Bagian XVII: Pletak!

3.1K 440 11
                                    

"Fatih, gak perlu status buat bikin semuanya jelas. Cukup bilang apa yang mau lo bilang, lakuin apa yang mau lo lakuin. Bikin dia bahagia supaya lo juga bisa bahagia. Kayak gue." Hah? Gimana gimana?

"Lo teori doang bisanya, praktek kagak." Ejek Fatih. Sana memang ahli kalo soal membual. Mulutnya itu loh, manis banget kalau ngomong.

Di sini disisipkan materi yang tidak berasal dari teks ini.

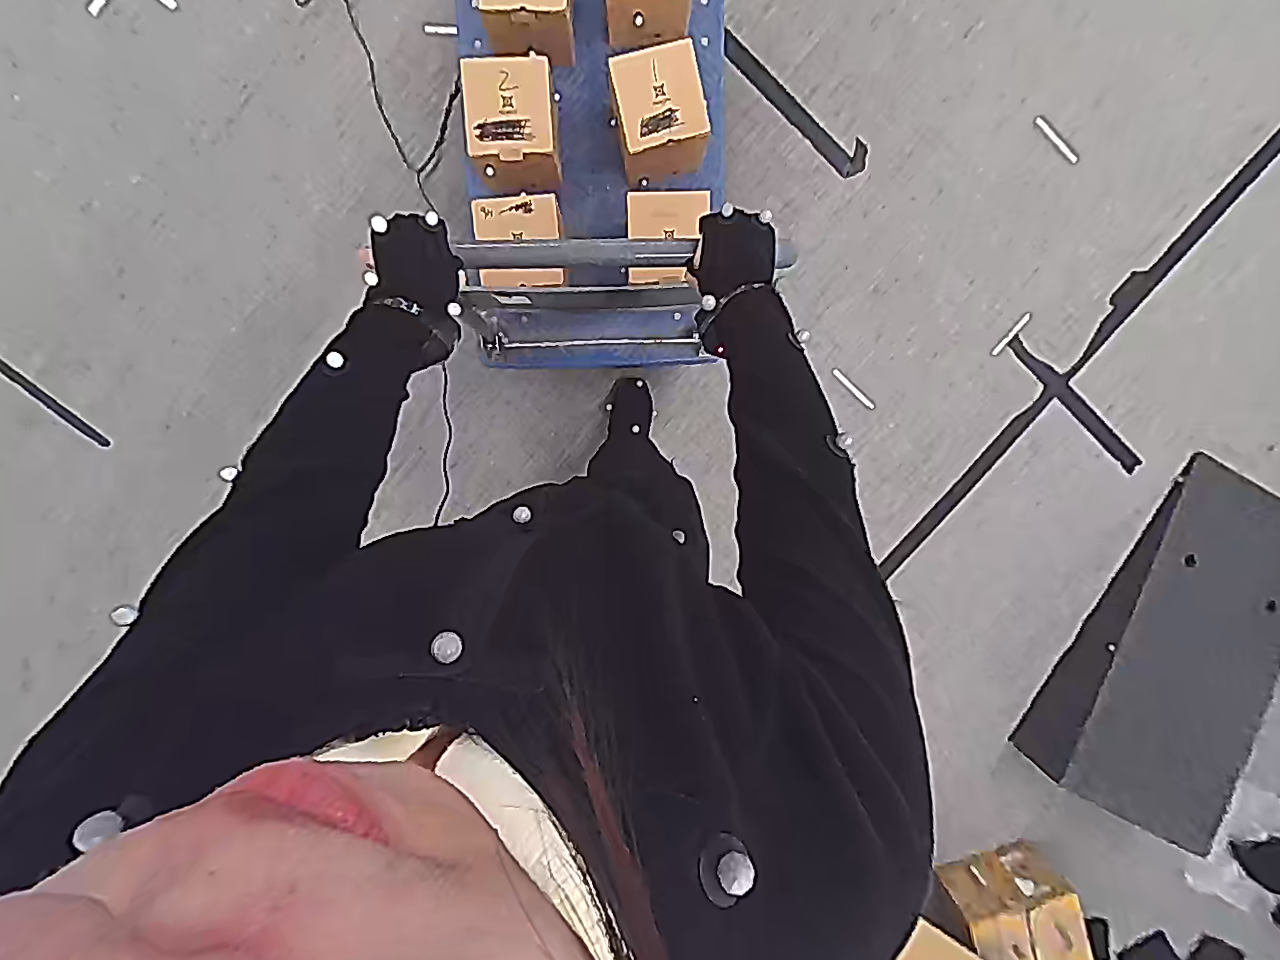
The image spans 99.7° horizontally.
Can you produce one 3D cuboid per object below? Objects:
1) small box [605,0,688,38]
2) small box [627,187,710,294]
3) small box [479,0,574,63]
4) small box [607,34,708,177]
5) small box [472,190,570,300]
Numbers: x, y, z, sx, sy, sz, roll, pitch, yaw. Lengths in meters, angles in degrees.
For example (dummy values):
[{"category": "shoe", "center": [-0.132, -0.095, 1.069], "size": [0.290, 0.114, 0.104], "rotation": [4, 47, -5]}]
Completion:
[{"category": "small box", "center": [0.010, -1.023, 1.078], "size": [0.168, 0.176, 0.179], "rotation": [-5, 98, -1]}, {"category": "small box", "center": [0.056, -0.500, 1.150], "size": [0.168, 0.176, 0.179], "rotation": [-1, 97, -2]}, {"category": "small box", "center": [-0.221, -0.979, 1.075], "size": [0.168, 0.176, 0.179], "rotation": [0, 98, -2]}, {"category": "small box", "center": [0.034, -0.754, 1.114], "size": [0.168, 0.176, 0.179], "rotation": [-14, 97, 0]}, {"category": "small box", "center": [-0.242, -0.484, 1.141], "size": [0.168, 0.176, 0.179], "rotation": [-6, 98, -2]}]

Lebih manis dari gula.

"Lo sama btw." Selaku. Fatih tersenyum masam. Poor you.

"Ayo ke UKS, biar kaki lo bisa dipijit." Ajak Sana. Kenapa dia? Bukankah saat di sekolah Sana masih diawasi? Kenapa tiba-tiba begini? "Atau mau gue gendong?" Eh?

"Gak, gue bisa jalan kok." Sahutku gelagapan. Sana kenapa sih? Mau membuatku malu ya? Ini kenapa sebenarnya? Apa yang baru saja aku lewatkan?

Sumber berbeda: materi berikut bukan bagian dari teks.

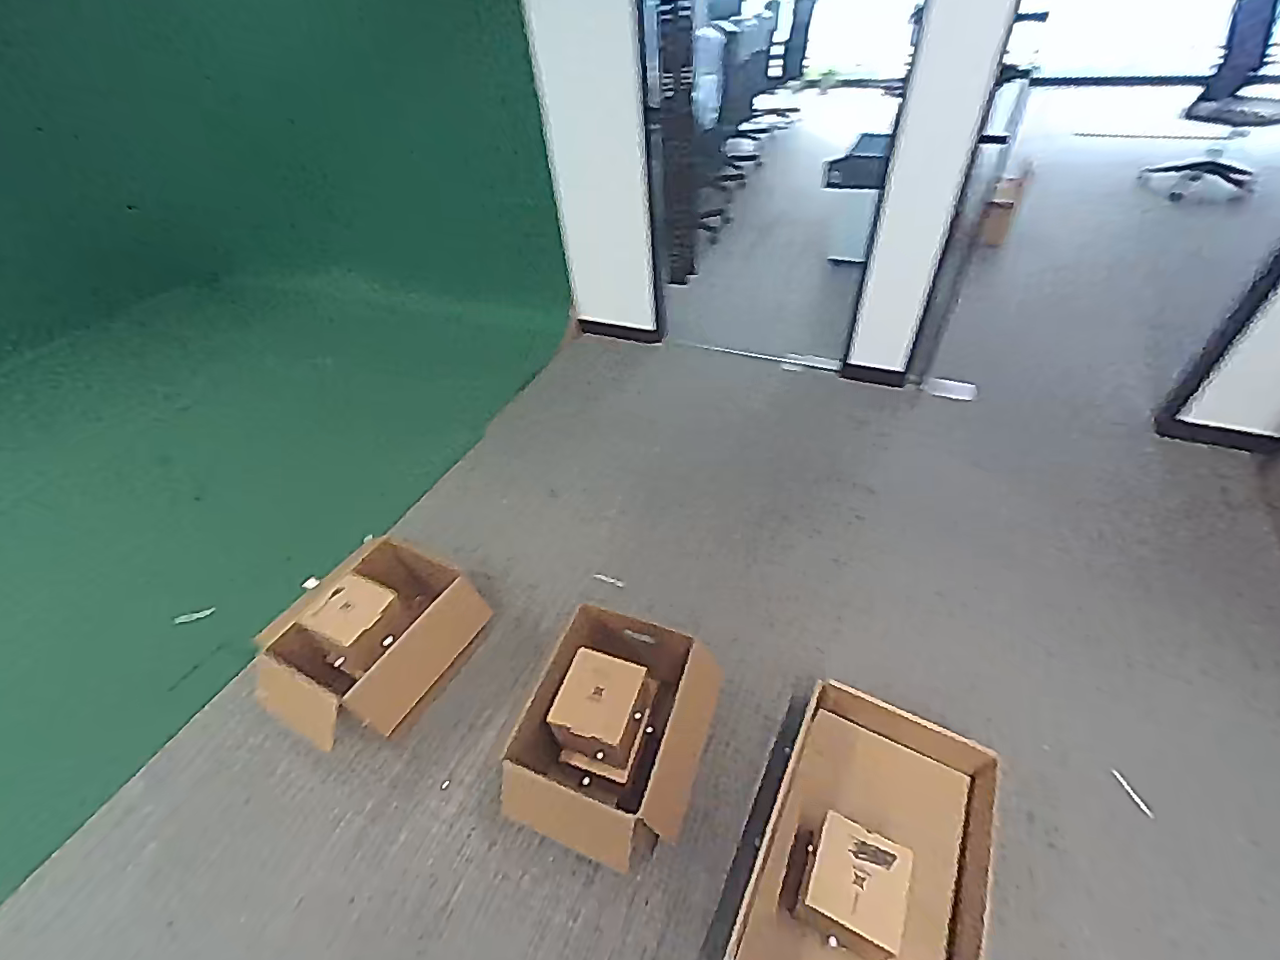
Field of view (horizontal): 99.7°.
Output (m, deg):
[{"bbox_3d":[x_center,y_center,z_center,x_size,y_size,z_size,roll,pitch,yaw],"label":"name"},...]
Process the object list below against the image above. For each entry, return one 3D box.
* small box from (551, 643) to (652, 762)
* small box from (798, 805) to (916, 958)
[{"bbox_3d":[-0.076,0.507,1.226,0.168,0.176,0.179,13,49,17],"label":"small box"},{"bbox_3d":[0.424,0.795,1.071,0.168,0.176,0.179,18,49,22],"label":"small box"}]

Ekspresi Sana berbeda dengan sebelumnya, terlihat bahagia. Bahkan sangat bahagia. Apa yang baru saja terjadi? Apa yang tidak aku ketahui?

"Sana, lo kenapa?" Tanyaku seperti berbisik, mataku masih sesekali melihat cctv yang berada tepat mengarah ke lapangan. 

"Rahasia." Sana tersenyum semakin lebar, seperti orang gila yang suka tertawa di pinggir jalan.

"Emang gak papa kita kek gini?" Tanyaku lagi.

"Emang kenapa kalo kek gini?" Aku mengerang kesal. Dia ngomong apa sih? Dia kenapa sih?

"Liat arah jam tiga." Ucapku. Sana menoleh sebentar lalu kembali menatapku. Kerutan jelas terlihat di dahinya. Sepertinya ia tak paham maksud perkataanku. Kadang otaknya memang sedikit lemot. "Cctv loh." Lanjutku. Sana tergelak. Aduh, bulu kudukku sepertinya berdiri.

"Lo kesambet ya?" Tebakku. Ia menggeleng pelan.

"Emang ada orang kesambet yang tau kalo dia lagi kesambet?" Ah, benar juga ya. Tak mungkin orang yang kesambet pamer kalau dia sedang kesambet. Aduh, sekarang malah otakku yang mendadak lemot.

"Yuk ke UKS, biar kaki lo bisa dipijit Mbak Wini." Sana berjalan mendekat tapi aku memberi isyarat untuk berhenti. 

"Gue gak mau ada masalah, biar Weli aja yang bantu gue." Tolakku. Aku kira dia akan mengangguk setuju, tapi ia malah menggeleng.

Arka menarik Fatih dan Weli agar menjauh. Sepertinya ia mendapat perintah melalui tatapan mata Sana. Fatih mengepalkan tangannya seakan memberi semangat, sementara Weli masih terdiam. Mungkin ia masih mencerna ucapanku tadi.

"Arka, bantuin jalan dong." Teriakku. Arka berbalik.

"Arka, lo mendekat satu langkah aja gue patahin kaki lo." Ancam Sana. Aku menyeringai senang. Ekspresi Sana terlihat lucu.

"Cemburu bilang bos." Sembur Arka. Sana menatapnya tajam, sambil memberi isyarat mengiris leher dengan jarinya. Jurusnya hanya mengancam.

"Fatih, lo gak mau bantuin gue juga?"

"Lo mau gue bantu jalan ke UKS atau gue gendong? Pilihannya gue doang." Dasar pemaksa.

"Weli...." Rengekku.

"Gue gak ikut-ikutan deh. Urusin urusan rumah tangga lo sendiri. Gue gak mau jadi orang ketiga." Sahutnya. Aku berdecak kesal. Mereka benar-benar pergi tanpa berniat membantuku.

"Oke berarti lo mau digendong."

"Stop! Lo bantu gue jalan. Tapi beneran gak papa kan? Gak bakal terjadi sesuatu kan?" Ia tersenyum dan mengangguk meyakinkan.

"Buat apa sih mikirin apa yang terjadi besok? Hari ini gue baru sadar semuanya. Gue cuma mau mikirin hari ini, hari esok itu urusan esok. Yang jelas saat ini gue mau sama lo, itu aja." Jelasnya. Pikiran yang sederhana, tidak sepertiku yang terlalu rumit.